Reputation: 1448
I am using Apache Spark with Scala.
I have a csv file that does not have column names in the first row. It's like this:
28,Martok,49,476
29,Nog,48,364
30,Keiko,50,175
31,Miles,39,161
The columns represent ID, name, age, numOfFriends.
In my Scala object, I am creating dataset using SparkSession from csv file as follows:
val spark = SparkSession.builder.master("local[*]").getOrCreate()

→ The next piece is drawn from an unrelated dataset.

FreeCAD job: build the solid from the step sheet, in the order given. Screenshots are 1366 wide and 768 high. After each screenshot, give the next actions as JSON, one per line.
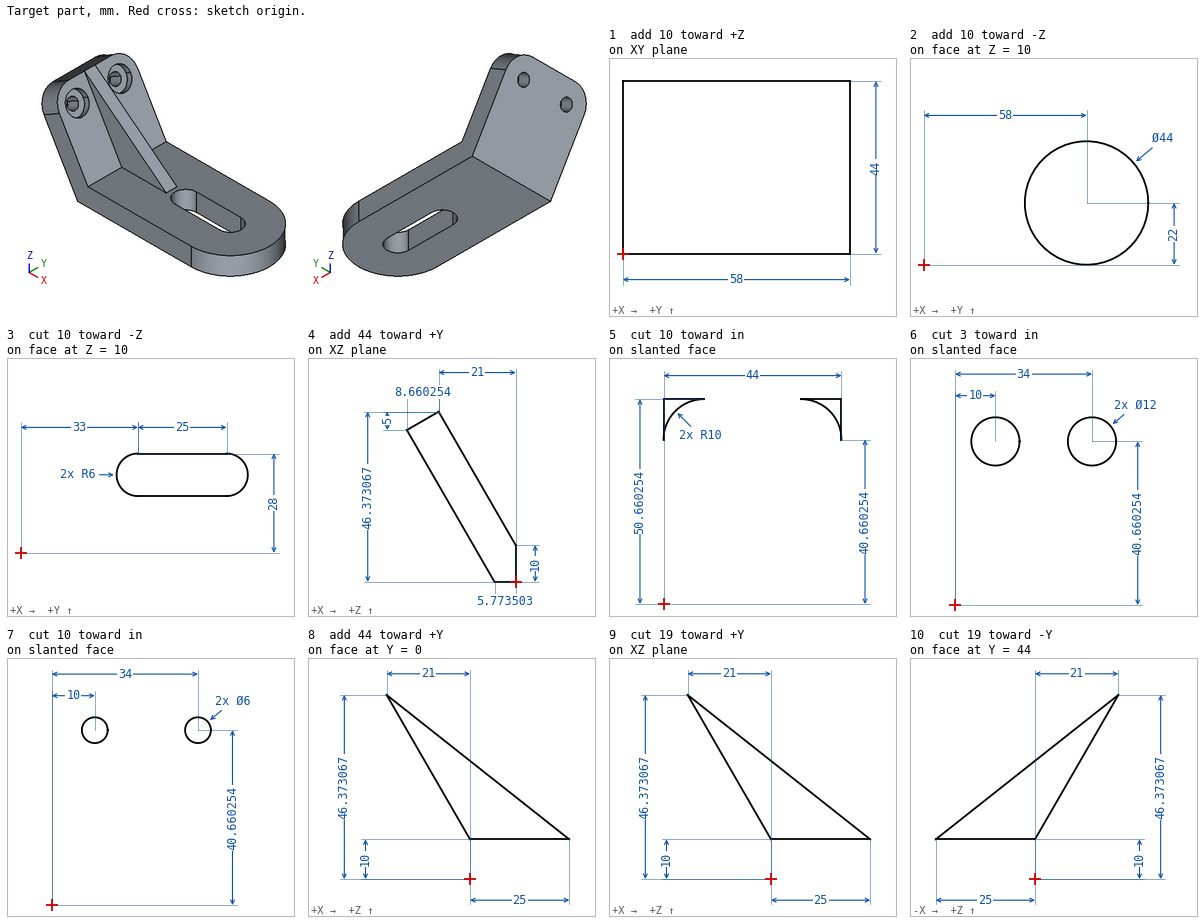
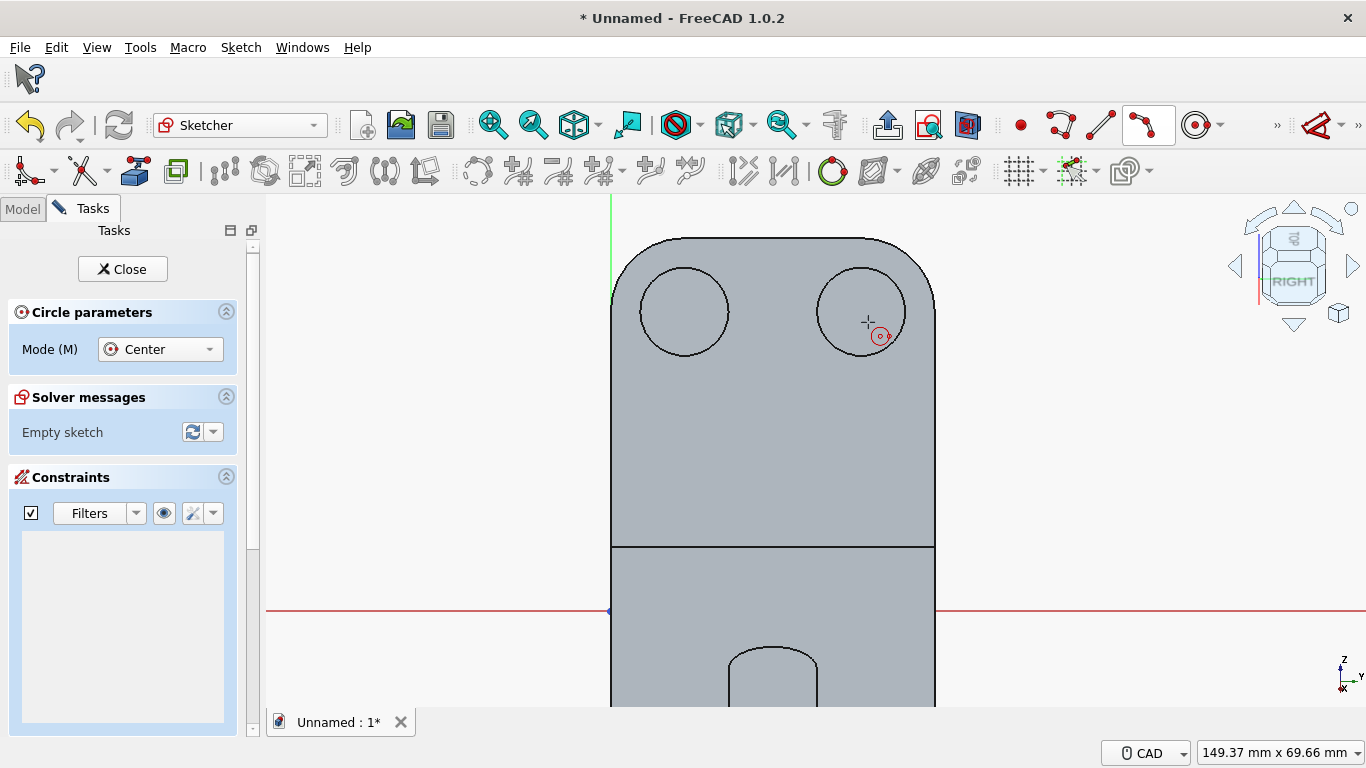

val df = spark.read.option("inferSchema","true").csv("../myfile.csv")
df.printSchema()
When I run the program, the result is:
|-- _c0: integer (nullable = true)
|-- _c1: string (nullable = true)
|-- _c2: integer (nullable = true)
|-- _c3: integer (nullable = true)
How can I add names to the columns in my dataset?
Upvotes: 10
Views: 18849
Reputation: 11
toDf
method can be used, where you can pass in the column name in spark java.
Example:
Dataset<Row> rowsWithTitle = sparkSession.read().option("header", "true").option("delimiter", "\t").csv("file").toDF("h1", "h2");
Upvotes: 1
Reputation: 22449
You can use toDF
to specify column names when reading the CSV file:
val df = spark.read.option("inferSchema","true").csv("../myfile.csv").toDF(
"ID", "name", "age", "numOfFriends"
)
Or, if you already have the DataFrame created, you can rename its columns as follows:
val newColNames = Seq("ID", "name", "age", "numOfFriends")
val df2 = df.toDF(newColNames: _*)
Upvotes: 26